Accuracy Assessment of Drone Real-Time Open Burning Imagery Detection for Early Wildfire Surveillance

Abstract

Open burning is the main factor contributing to the occurrence of wildfires in Thailand, which every year result in forest fires and air pollution. Open burning has become the natural disaster that threatens wildlands and forest resources the most. Traditional firefighting systems, which are based on ground crew inspection, have several limits and dangerous risks. Aerial imagery technologies have become one of the most important tools to prevent wildfires, especially drone real-time monitoring for wildfire surveillance. This paper presents an accuracy assessment of drone real-time open burning imagery detection (Dr-TOBID) to detect smoke and burning as a framework for a deep learning-based object detection method using a combination of the YOLOv5 detector and a lightweight version of the long short-term memory (LSTM) classifier. The Dr-TOBID framework was designed using OpenCV, YOLOv5, TensorFlow, LebelImg, and Pycharm and wirelessly connected via live stream on open broadcaster software (OBS). The datasets were separated by 80% for training and 20% for testing. The resulting assessment considered the conditions of the drone’s altitudes, ranges, and red-green-black (RGB) mode in daytime and nighttime.
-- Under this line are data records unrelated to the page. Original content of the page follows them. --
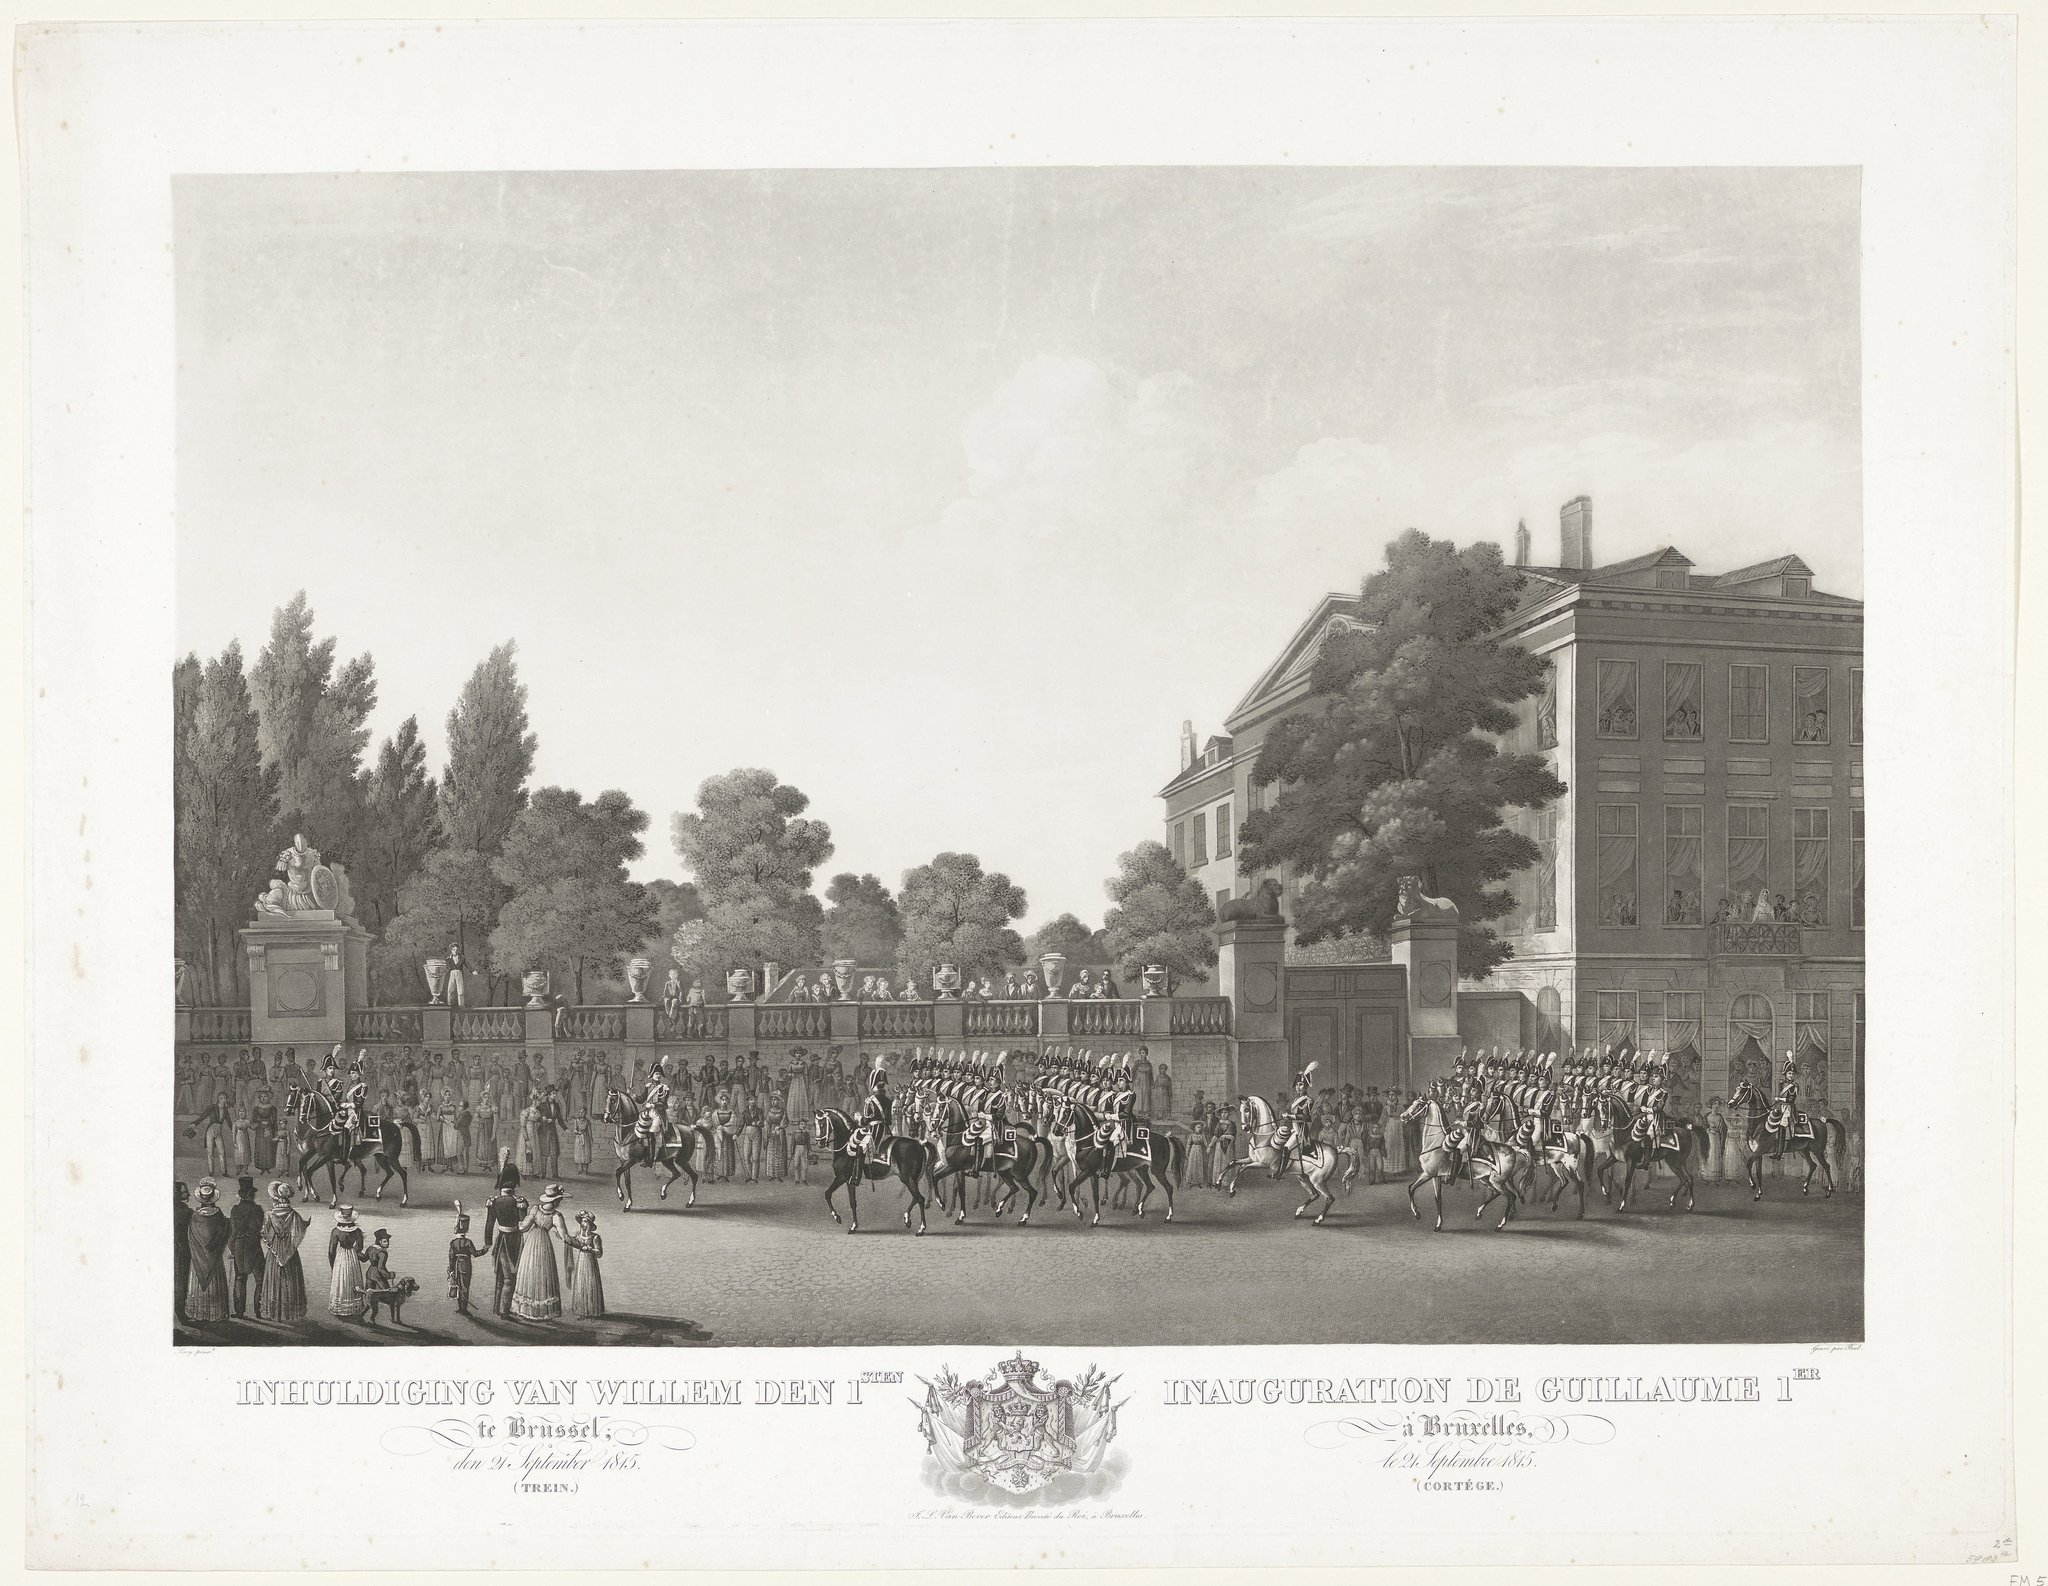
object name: print
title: Inhuldiging van Willem den 1sten te Brussel, den 21 September 1815 (Trein.) / Inauguration de Guillaume 1er à Bruxelles, le 21 Septembre 1815. (Cortège.)
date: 1825-1826
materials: paper
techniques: aquatint, etching
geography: brussels
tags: the hague, berlin, william i of the netherlands, triumphal entry and public reception, pageant, 'entrée solennelle', 'joyeuse entrée', brussels
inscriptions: workshop stamp: ‘JLVB’, collector's mark: Lugt 2228
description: Plechtige intrede van de stoet voor de inhuldiging van koning Willem I te Brussel op 21 september 1815. Cavalerie sluit de stoet af. Onderaan de titels in het Nederlands en Frans gescheiden door het wapen van koning Willem I. Onderdeel van een serie platen van de aankomst en inhuldiging van Willem I in Brussel.

The accuracy, precision, recall, and F1-Score are shown for the evaluation metrics. The quantitative results show that the accuracy of Dr-TOBID successfully detected open burning monitoring, smoke, and burning characteristics, where the average F1-score was 80.6% for smoke detection in the daytime, 82.5% for burning detection in the daytime, 77.9% for smoke detection at nighttime, and 81.9% for burning detection at nighttime.